Best practices for configuring Puma concurrency

Puma is the default Rails application server. It uses a multi-process, multi-threaded model.

For a long time, the default Puma configuration in Rails set the number of threads per worker to 5. Recently, DHH suggested lowering it. After an interesting discussion, the default has been changed to 3 threads per worker since Rails 7.2.

There is also a rule of thumb from Nate Berkopec, a Rails performance expert and Puma committer:

The optimal number is always 1 Puma worker process per 1 CPU core. Then, tune the thread count so that the CPU core is well-utilized at maximum load.

Following Nate’s advice, we decided not to increase the number of workers but instead adjust the number of threads. We were hesitant to use a high thread count due to the (in)famous GVL, which makes Ruby threads less efficient than native threads.

At this point, we started to think outside the box. Is our middleware Rails application similar to the typical Rails applications that the default settings were designed for? How different is it?

Let’s compare the web transaction breakdown of our middleware application:

With that of another Rails application we’ve worked with:

Do you see the difference? Our middleware app is mostly handling external requests, which means it is I/O-bound. I/O-bound workloads benefit from higher thread counts because threads spend most of their time waiting for I/O. Since Ruby releases the GVL when waiting for I/O, threads can be utilized more efficiently in this scenario.

The solution - tuning Puma concurrency settings

To ensure a safe, incremental rollout, we adjusted Ansible deployment roles to support different Puma configurations for each application server. We also had to tune haproxy configuration and introduce weighting based on the total threads count configured on each server. This allowed us to test different configurations gradually. We were deploying changes on one server at a time, monitoring the system closely.

Meanwhile, we also investigated how to implement a fast rollback mechanism. The original deployment rollback process took 30 minutes, requiring a full redeployment. We found a way to perform an Ansible-based rollback without using the custom deployment application. This reduced rollback time to just 3 minutes.

We’ve never had to rollback puma configuration changes, but it was good to have the option. It was very helpful in course of our upgrades project, but that’s a story for another time.

Through testing, we identified optimal Puma settings:

  • Middleware: 3 workers, 20 threads
  • Public app: 3 workers, 9 threads

Finally, we repeated our public app outage test. With the original middleware configuration, high load caused the public app to crash. With the new configuration, the system remained stable. We performed both tests using ab benchmarking tool with the exact same parameters. See the results below:

Number of database connections

Before deploying the changes to both application servers, we also checked the number of database connections. It turned out that, with the new settings, we would be very close to the database connection limit.

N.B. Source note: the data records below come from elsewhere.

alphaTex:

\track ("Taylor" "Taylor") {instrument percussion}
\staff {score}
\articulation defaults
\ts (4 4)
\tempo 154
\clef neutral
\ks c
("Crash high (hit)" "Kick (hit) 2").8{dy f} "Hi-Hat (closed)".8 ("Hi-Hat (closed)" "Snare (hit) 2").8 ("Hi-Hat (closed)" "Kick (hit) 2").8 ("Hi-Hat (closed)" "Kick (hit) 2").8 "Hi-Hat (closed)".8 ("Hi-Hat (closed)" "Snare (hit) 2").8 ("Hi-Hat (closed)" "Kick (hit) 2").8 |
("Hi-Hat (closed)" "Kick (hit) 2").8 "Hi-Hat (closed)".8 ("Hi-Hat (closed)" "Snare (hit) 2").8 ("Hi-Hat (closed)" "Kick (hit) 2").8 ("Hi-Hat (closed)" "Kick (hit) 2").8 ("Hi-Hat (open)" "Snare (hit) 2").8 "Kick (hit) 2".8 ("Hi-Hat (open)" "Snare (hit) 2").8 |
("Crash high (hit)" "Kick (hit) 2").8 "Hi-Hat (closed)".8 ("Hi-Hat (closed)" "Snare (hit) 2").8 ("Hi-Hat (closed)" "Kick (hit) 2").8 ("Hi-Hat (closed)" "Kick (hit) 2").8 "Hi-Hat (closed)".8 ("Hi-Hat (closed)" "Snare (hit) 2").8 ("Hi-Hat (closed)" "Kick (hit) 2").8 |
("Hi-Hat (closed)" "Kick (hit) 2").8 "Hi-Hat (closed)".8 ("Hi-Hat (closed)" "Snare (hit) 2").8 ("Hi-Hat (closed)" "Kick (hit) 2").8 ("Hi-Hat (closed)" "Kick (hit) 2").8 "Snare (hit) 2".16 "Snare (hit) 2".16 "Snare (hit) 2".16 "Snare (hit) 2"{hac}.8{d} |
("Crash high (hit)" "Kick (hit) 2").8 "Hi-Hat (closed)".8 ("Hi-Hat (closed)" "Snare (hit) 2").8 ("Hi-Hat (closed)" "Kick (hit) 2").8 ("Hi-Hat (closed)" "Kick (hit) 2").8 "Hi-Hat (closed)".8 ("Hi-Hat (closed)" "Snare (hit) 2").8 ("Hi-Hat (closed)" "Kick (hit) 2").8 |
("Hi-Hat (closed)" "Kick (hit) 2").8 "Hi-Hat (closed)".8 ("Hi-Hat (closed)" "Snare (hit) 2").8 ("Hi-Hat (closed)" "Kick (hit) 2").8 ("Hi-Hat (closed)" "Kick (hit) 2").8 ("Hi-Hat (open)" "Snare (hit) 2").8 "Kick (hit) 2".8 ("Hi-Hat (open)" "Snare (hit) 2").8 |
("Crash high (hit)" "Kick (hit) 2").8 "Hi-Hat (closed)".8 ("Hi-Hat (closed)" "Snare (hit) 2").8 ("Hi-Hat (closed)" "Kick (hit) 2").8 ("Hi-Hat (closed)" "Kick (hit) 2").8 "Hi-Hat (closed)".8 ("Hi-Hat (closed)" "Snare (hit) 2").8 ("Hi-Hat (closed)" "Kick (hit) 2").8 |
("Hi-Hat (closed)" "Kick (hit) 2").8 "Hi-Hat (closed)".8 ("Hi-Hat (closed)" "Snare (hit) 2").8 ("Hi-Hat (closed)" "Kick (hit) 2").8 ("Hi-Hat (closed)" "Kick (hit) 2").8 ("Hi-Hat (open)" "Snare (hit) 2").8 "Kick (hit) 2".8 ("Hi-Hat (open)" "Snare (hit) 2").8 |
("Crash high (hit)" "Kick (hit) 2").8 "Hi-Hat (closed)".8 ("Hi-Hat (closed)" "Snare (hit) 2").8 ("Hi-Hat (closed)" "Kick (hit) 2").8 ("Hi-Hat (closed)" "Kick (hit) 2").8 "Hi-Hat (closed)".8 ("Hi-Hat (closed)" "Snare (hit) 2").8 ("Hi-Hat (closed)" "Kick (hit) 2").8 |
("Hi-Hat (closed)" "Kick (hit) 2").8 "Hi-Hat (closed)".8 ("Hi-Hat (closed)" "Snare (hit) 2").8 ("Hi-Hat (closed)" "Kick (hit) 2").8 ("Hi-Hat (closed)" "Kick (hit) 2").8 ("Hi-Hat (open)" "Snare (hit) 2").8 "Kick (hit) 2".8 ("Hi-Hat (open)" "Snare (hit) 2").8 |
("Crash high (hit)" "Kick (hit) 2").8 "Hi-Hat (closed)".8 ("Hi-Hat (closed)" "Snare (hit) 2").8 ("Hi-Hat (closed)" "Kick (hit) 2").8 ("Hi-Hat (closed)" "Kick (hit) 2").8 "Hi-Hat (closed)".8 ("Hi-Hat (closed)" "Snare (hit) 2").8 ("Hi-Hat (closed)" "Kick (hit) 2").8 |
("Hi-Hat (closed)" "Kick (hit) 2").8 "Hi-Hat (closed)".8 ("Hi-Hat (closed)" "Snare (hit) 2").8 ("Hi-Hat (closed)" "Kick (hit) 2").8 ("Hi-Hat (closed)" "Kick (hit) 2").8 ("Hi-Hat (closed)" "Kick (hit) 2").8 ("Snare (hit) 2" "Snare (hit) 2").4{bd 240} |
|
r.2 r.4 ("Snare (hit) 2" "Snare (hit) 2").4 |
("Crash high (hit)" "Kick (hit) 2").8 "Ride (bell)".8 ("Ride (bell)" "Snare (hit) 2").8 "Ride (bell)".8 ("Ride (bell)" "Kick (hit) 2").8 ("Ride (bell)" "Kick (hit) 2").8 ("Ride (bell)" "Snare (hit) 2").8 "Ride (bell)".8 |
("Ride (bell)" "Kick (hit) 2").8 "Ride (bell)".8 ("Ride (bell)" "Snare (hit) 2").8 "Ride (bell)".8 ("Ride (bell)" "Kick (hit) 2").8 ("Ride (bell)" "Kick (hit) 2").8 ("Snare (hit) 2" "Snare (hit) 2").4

But wait—doesn’t this application behave uniquely in that regard? Have you noticed how narrow the yellow area is in the middleware app breakdown chart?

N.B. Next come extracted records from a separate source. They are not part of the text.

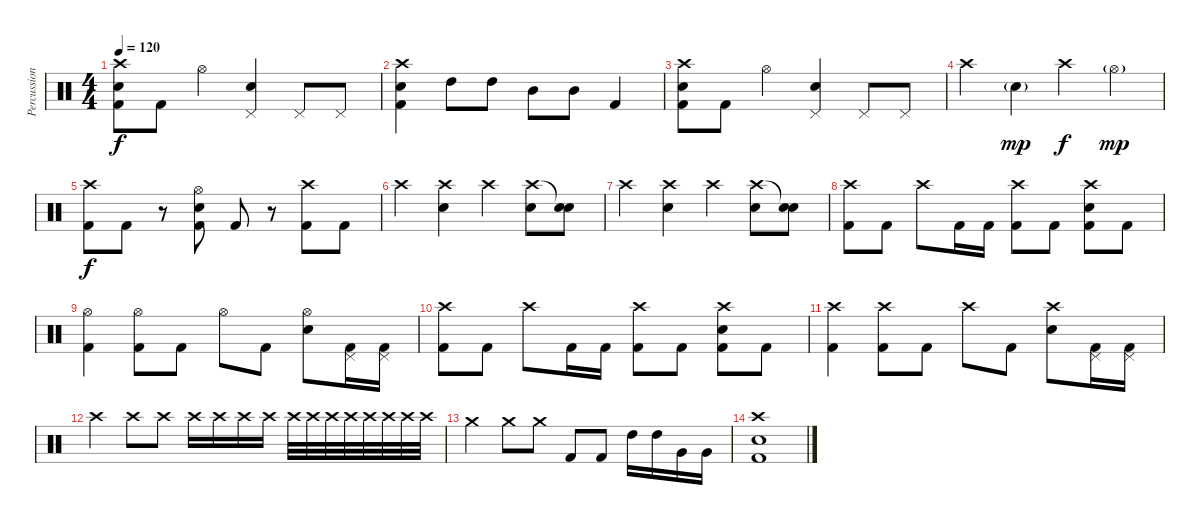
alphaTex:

\track ("Percussion" "Percussion") {instrument percussion}
\staff {score}
\articulation defaults
\ts (4 4)
\tempo 120
\clef neutral
\ks c
("Crash high (hit)" "Electric Snare (hit)" "Kick (hit) 2").8{dy f} "Kick (hit) 2".8 "Hi-Hat (open)".4 ("Electric Snare (hit)" "Pedal Hi-Hat (hit)").4 "Pedal Hi-Hat (hit)".8 "Pedal Hi-Hat (hit)".8 |
("Crash high (hit)" "Electric Snare (hit)" "Kick (hit) 2").4 "High Tom (hit)".8 "High Tom (hit)".8 "Mid Tom (hit)".8 "Mid Tom (hit)".8 "Kick (hit) 2".4 |
("Crash high (hit)" "Electric Snare (hit)" "Kick (hit) 2").8 "Kick (hit) 2".8 "Hi-Hat (open)".4 ("Electric Snare (hit)" "Pedal Hi-Hat (hit)").4 "Pedal Hi-Hat (hit)".8 "Pedal Hi-Hat (hit)".8 |
"Crash high (hit)".4 "Electric Snare (hit)"{g}.4{dy mp} "Crash high (hit)".4{dy f} "Hi-Hat (open)"{g}.4{dy mp} |
("Crash high (hit)" "Kick (hit) 2").8{dy f} "Kick (hit) 2".8 r.8 ("Hi-Hat (open)" "Electric Snare (hit)" "Kick (hit) 2").8 "Kick (hit) 2".8 r.8 ("Crash high (hit)" "Kick (hit) 2").8 "Kick (hit) 2".8 |
"Crash high (hit)".4 ("Crash high (hit)" "Electric Snare (hit)").4 "Crash high (hit)".4 ("Crash high (hit)" "Electric Snare (hit)").8 ("Snare (hit)"{t} "Electric Snare (hit)").8 |
"Crash high (hit)".4 ("Crash high (hit)" "Electric Snare (hit)").4 "Crash high (hit)".4 ("Crash high (hit)" "Electric Snare (hit)").8 ("Snare (hit)"{t} "Electric Snare (hit)").8 |
("Crash high (hit)" "Kick (hit) 2").8 "Kick (hit) 2".8 "Crash high (hit)".8 "Kick (hit) 2".16 "Kick (hit) 2".16 ("Crash high (hit)" "Kick (hit) 2").8 "Kick (hit) 2".8 ("Crash high (hit)" "Electric Snare (hit)" "Kick (hit) 2").8 "Kick (hit) 2".8 |
("Hi-Hat (open)" "Kick (hit) 2").4 ("Hi-Hat (open)" "Kick (hit) 2").8 "Kick (hit) 2".8 "Hi-Hat (open)".8 "Kick (hit) 2".8 ("Hi-Hat (open)" "Electric Snare (hit)").8 ("Pedal Hi-Hat (hit)" "Kick (hit) 2").16 ("Pedal Hi-Hat (hit)" "Kick (hit) 2").16 |
("Crash high (hit)" "Kick (hit) 2").8 "Kick (hit) 2".8 "Crash high (hit)".8 "Kick (hit) 2".16 "Kick (hit) 2".16 ("Crash high (hit)" "Kick (hit) 2").8 "Kick (hit) 2".8 ("Crash high (hit)" "Electric Snare (hit)" "Kick (hit) 2").8 "Kick (hit) 2".8 |
("Crash high (hit)" "Kick (hit) 2").4 ("Crash high (hit)" "Kick (hit) 2").8 "Kick (hit) 2".8 "Crash high (hit)".8 "Kick (hit) 2".8 ("Crash high (hit)" "Electric Snare (hit)").8 ("Pedal Hi-Hat (hit)" "Kick (hit) 2").16 ("Pedal Hi-Hat (hit)" "Kick (hit) 2").16 |
"Crash high (hit)".4 "Crash high (hit)".8 "Crash high (hit)".8 "Crash high (hit)".16 "Crash high (hit)".16 "Crash high (hit)".16 "Crash high (hit)".16 "Crash high (hit)".32 "Crash high (hit)".32 "Crash high (hit)".32 "Crash high (hit)".32 "Crash high (hit)".32 "Crash high (hit)".32 "Crash high (hit)".32 "Crash high (hit)".32 |
"Crash medium (hit)".4 "Crash medium (hit)".8 "Crash medium (hit)".8 "Kick (hit) 2".8 "Kick (hit) 2".8 "High Tom (hit)".16 "High Tom (hit)".16 "Very Low Tom (hit)".16 "Very Low Tom (hit)".16 |
("Crash high (hit)" "Electric Snare (hit)" "Kick (hit) 2").1

After a quick investigation, we discovered that the middleware app was using the database only for authentication and authorization. We verified that it was safe to release the database connection back to the pool immediately after authentication and authorization.

  authorize! :perform, @task
  ActiveRecord::Base.connection_pool.release_connection

  # the following takes a lot of time
  render json: @task.perform

This allowed us to significantly reduce the number of database connections used by the middleware app. Each application process, configured with 20 threads, now used only 2 database connections.

Final thoughts

The stability of the system improved significantly after the changes. The client team was happy with the results. There is plenty of room for further improvements. It would be beneficial to break the public app dependency on the middleware on each request. Caching and eventual consistency patterns could be used to achieve this.